From the first line to the last, repeat the data exactly but leave out the pictures.

START Supplied information

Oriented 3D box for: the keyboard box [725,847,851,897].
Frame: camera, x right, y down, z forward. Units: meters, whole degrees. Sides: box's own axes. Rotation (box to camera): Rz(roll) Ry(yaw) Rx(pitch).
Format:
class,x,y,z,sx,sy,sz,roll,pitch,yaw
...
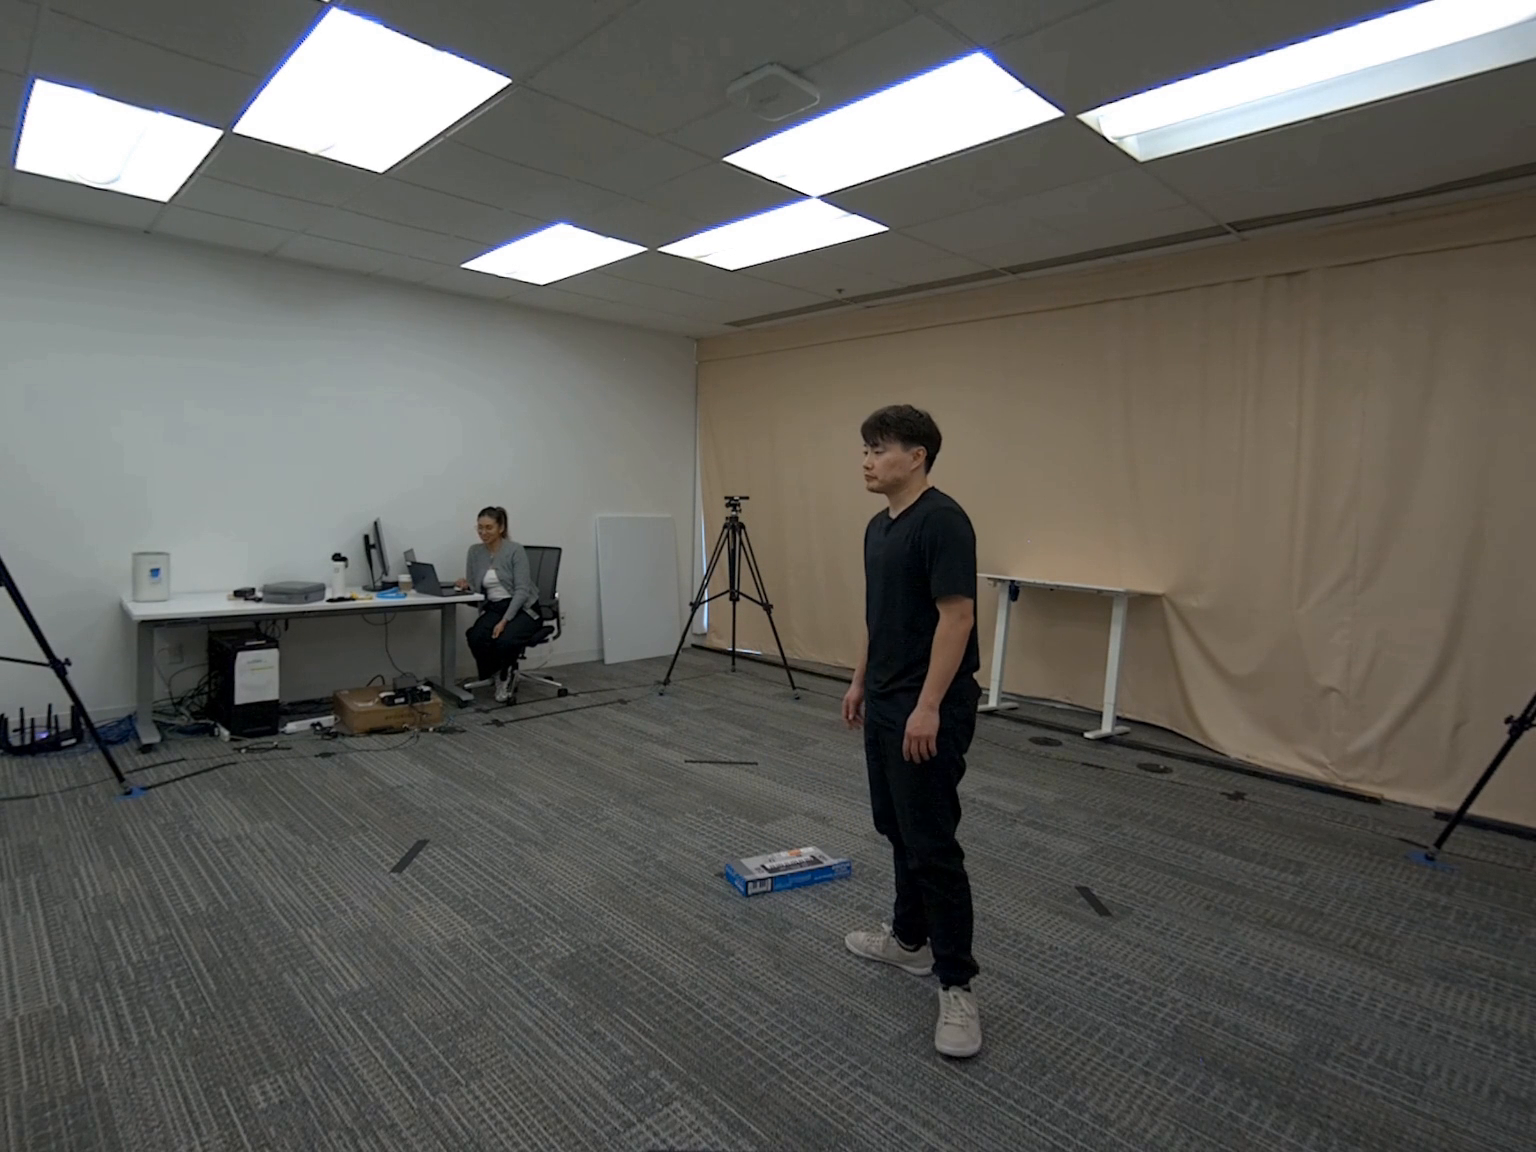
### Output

END Supplied information

→ **Answer space**:
Oriented 3D box for: the keyboard box [725,847,851,897].
Frame: camera, x right, y down, z forward. Units: meters, whole degrees. Sides: box's own axes. Rotation (box to camera): Rz(roll) Ry(yaw) Rx(pitch).
Format:
class,x,y,z,sx,sy,sz,roll,pitch,yaw
...
### Output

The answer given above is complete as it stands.